Member of the Maharashtra Legislative Assembly
- Incumbent
- Assumed office 23 November 2024
- Preceded by: Sanjay Raimulkar
- Constituency: Mehkar constituency

Personal details
- Born: Budhana Maharashtra, India
- Party: Shiv Sena (Uddhav Balasaheb Thackeray)
- Parent: Rambhau Kharat (father);
- Education: MA (English)
- Alma mater: BAMU University
- Profession: Bureaucrat, Politician

= Siddharth Kharat =

Indian politician

Siddharth Kharat is an Indian politician from the state of Maharashtra. Kharat became first time Member of the Legislative Assembly by winning the Mehkar Assembly constituency from Buldhana district in the 2024. He represented Shiv Sena (UBT) and defeated the sitting MLA Sanjay Raimulkar of Shiv Sena.
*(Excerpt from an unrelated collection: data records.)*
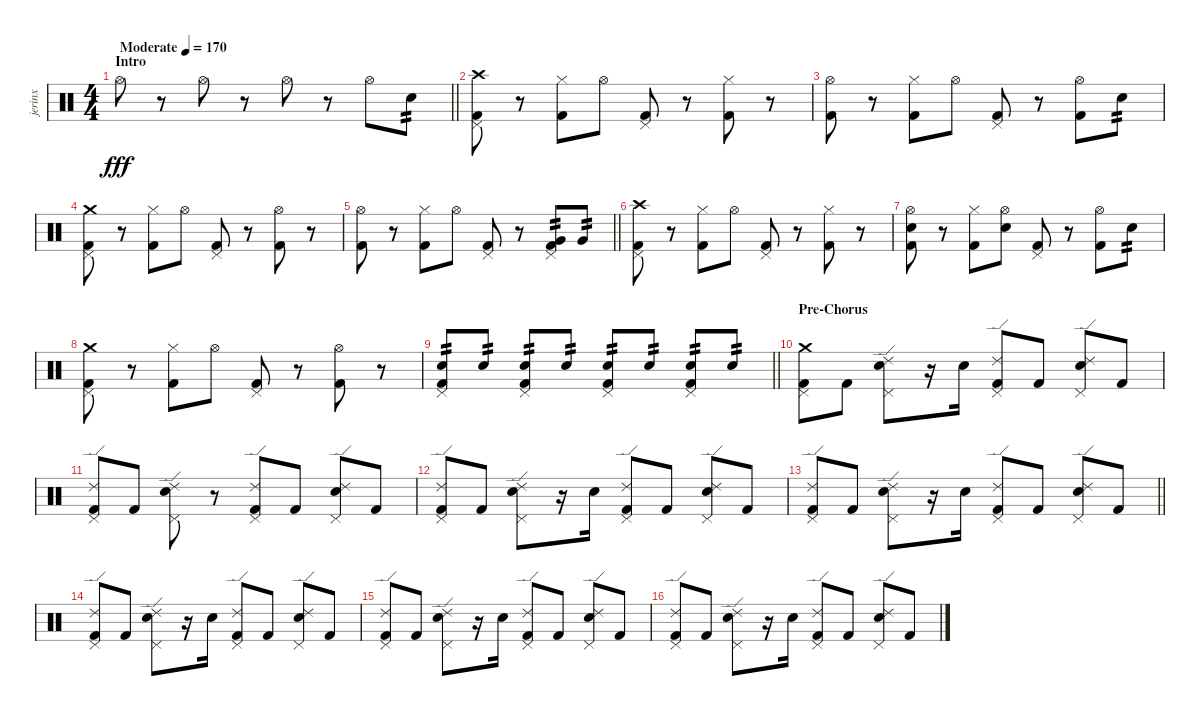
\track ("jerinx" "jerinx") {instrument percussion}
\staff {score}
\articulation defaults
\ts (4 4)
\section ("" "Intro")
\tempo (170 "Moderate")
\clef neutral
\barLineRight lightlight
\ks c "Hi-Hat (open)".8{dy fff}
r.8 "Hi-Hat (open)".8 r.8 "Hi-Hat (open)".8 r.8 "Hi-Hat (open)".8 "Snare (hit) 2".8{tp 2} |
("Pedal Hi-Hat (hit)" "Kick (hit) 2" "Crash high (hit)").8 r.8 ("Hi-Hat (closed)" "Kick (hit) 2").8 "Hi-Hat (open)".8 ("Pedal Hi-Hat (hit)" "Kick (hit) 2").8 r.8 ("Hi-Hat (closed)" "Kick (hit) 2").8 r.8 |
("Hi-Hat (open)" "Kick (hit) 2").8 r.8 ("Hi-Hat (closed)" "Kick (hit) 2").8 "Hi-Hat (open)".8 ("Pedal Hi-Hat (hit)" "Kick (hit) 2").8 r.8 ("Hi-Hat (open)" "Kick (hit) 2").8 "Snare (hit) 2".8{tp 2} |
("Pedal Hi-Hat (hit)" "Kick (hit) 2" "Crash medium (hit)").8 r.8 ("Hi-Hat (closed)" "Kick (hit) 2").8 "Hi-Hat (open)".8 ("Pedal Hi-Hat (hit)" "Kick (hit) 2").8 r.8 ("Hi-Hat (open)" "Kick (hit) 2").8 r.8 |
\barLineRight lightlight
("Hi-Hat (open)" "Kick (hit) 2").8 r.8 ("Hi-Hat (closed)" "Kick (hit) 2").8 "Hi-Hat (open)".8 ("Pedal Hi-Hat (hit)" "Kick (hit) 2").8 r.8 ("Pedal Hi-Hat (hit)" "Kick (hit) 2" "Very Low Tom (hit)").8{tp 2} "Very Low Tom (hit)".8{tp 2} |
("Pedal Hi-Hat (hit)" "Kick (hit) 2" "Crash high (hit)").8 r.8 ("Hi-Hat (closed)" "Kick (hit) 2").8 "Hi-Hat (open)".8 ("Pedal Hi-Hat (hit)" "Kick (hit) 2").8 r.8 ("Hi-Hat (closed)" "Kick (hit) 2").8 r.8 |
("Hi-Hat (open)" "Snare (hit) 2" "Kick (hit) 2").8 r.8 ("Hi-Hat (closed)" "Kick (hit) 2").8 ("Hi-Hat (open)" "Snare (hit) 2").8 ("Pedal Hi-Hat (hit)" "Kick (hit) 2").8 r.8 ("Hi-Hat (open)" "Kick (hit) 2").8 "Snare (hit) 2".8{tp 2} |
("Pedal Hi-Hat (hit)" "Kick (hit) 2" "Crash medium (hit)").8 r.8 ("Hi-Hat (closed)" "Kick (hit) 2").8 "Hi-Hat (open)".8 ("Pedal Hi-Hat (hit)" "Kick (hit) 2").8 r.8 ("Hi-Hat (open)" "Kick (hit) 2").8 r.8 |
\barLineRight lightlight
("Pedal Hi-Hat (hit)" "Snare (hit) 2" "Kick (hit) 2").8{tp 2} "Snare (hit) 2".8{tp 2} ("Pedal Hi-Hat (hit)" "Snare (hit) 2" "Kick (hit) 2").8{tp 2} "Snare (hit) 2".8{tp 2} ("Pedal Hi-Hat (hit)" "Snare (hit) 2" "Kick (hit) 2").8{tp 2} "Snare (hit) 2".8{tp 2} ("Pedal Hi-Hat (hit)" "Snare (hit) 2" "Kick (hit) 2").8{tp 2} "Snare (hit) 2".8{tp 2} |
\section ("" "Pre-Chorus")
("Pedal Hi-Hat (hit)" "Kick (hit) 2" "Crash medium (hit)").8 "Kick (hit) 2".8 ("Pedal Hi-Hat (hit)" "Snare (hit) 2" "Ride (edge) 2").8 r.16 "Snare (hit) 2".16 ("Pedal Hi-Hat (hit)" "Kick (hit) 2" "Ride (edge) 2").8 "Kick (hit) 2".8 ("Pedal Hi-Hat (hit)" "Snare (hit) 2" "Ride (edge) 2").8 "Kick (hit) 2".8 |
("Pedal Hi-Hat (hit)" "Kick (hit) 2" "Ride (edge) 2").8 "Kick (hit) 2".8 ("Pedal Hi-Hat (hit)" "Snare (hit) 2" "Ride (edge) 2").8 r.8 ("Pedal Hi-Hat (hit)" "Kick (hit) 2" "Ride (edge) 2").8 "Kick (hit) 2".8 ("Pedal Hi-Hat (hit)" "Snare (hit) 2" "Ride (edge) 2").8 "Kick (hit) 2".8 |
("Pedal Hi-Hat (hit)" "Kick (hit) 2" "Ride (edge) 2").8 "Kick (hit) 2".8 ("Pedal Hi-Hat (hit)" "Snare (hit) 2" "Ride (edge) 2").8 r.16 "Snare (hit) 2".16 ("Pedal Hi-Hat (hit)" "Kick (hit) 2" "Ride (edge) 2").8 "Kick (hit) 2".8 ("Pedal Hi-Hat (hit)" "Snare (hit) 2" "Ride (edge) 2").8 "Kick (hit) 2".8 |
\barLineRight lightlight
("Pedal Hi-Hat (hit)" "Kick (hit) 2" "Ride (edge) 2").8 "Kick (hit) 2".8 ("Pedal Hi-Hat (hit)" "Snare (hit) 2" "Ride (edge) 2").8 r.16 "Snare (hit) 2".16 ("Pedal Hi-Hat (hit)" "Kick (hit) 2" "Ride (edge) 2").8 "Kick (hit) 2".8 ("Pedal Hi-Hat (hit)" "Snare (hit) 2" "Ride (edge) 2").8 "Kick (hit) 2".8 |
("Pedal Hi-Hat (hit)" "Kick (hit) 2" "Ride (edge) 2").8 "Kick (hit) 2".8 ("Pedal Hi-Hat (hit)" "Snare (hit) 2" "Ride (edge) 2").8 r.16 "Snare (hit) 2".16 ("Pedal Hi-Hat (hit)" "Kick (hit) 2" "Ride (edge) 2").8 "Kick (hit) 2".8 ("Pedal Hi-Hat (hit)" "Snare (hit) 2" "Ride (edge) 2").8 "Kick (hit) 2".8 |
("Pedal Hi-Hat (hit)" "Kick (hit) 2" "Ride (edge) 2").8 "Kick (hit) 2".8 ("Pedal Hi-Hat (hit)" "Snare (hit) 2" "Ride (edge) 2").8 r.16 "Snare (hit) 2".16 ("Pedal Hi-Hat (hit)" "Kick (hit) 2" "Ride (edge) 2").8 "Kick (hit) 2".8 ("Pedal Hi-Hat (hit)" "Snare (hit) 2" "Ride (edge) 2").8 "Kick (hit) 2".8 |
("Pedal Hi-Hat (hit)" "Kick (hit) 2" "Ride (edge) 2").8 "Kick (hit) 2".8 ("Pedal Hi-Hat (hit)" "Snare (hit) 2" "Ride (edge) 2").8 r.16 "Snare (hit) 2".16 ("Pedal Hi-Hat (hit)" "Kick (hit) 2" "Ride (edge) 2").8 "Kick (hit) 2".8 ("Pedal Hi-Hat (hit)" "Snare (hit) 2" "Ride (edge) 2").8 "Kick (hit) 2".8

Earlier, he worked as joint secretary in the state government and took voluntary retirement in July 2024.

==Political career==
Siddharth Kharat entered politics through the Shiv Sena (UBT) and contested the 2024 elections from the Mehkar Assembly constituency and was elected as an MLA for the first time, defeating his nearest rival, Shiv Sena candidate Sanjay Raimulkar, by a majority of 4819 votes.

He emerged victorious with 1,04,242 votes, while Sanjay Raimulkar got 99,423 votes.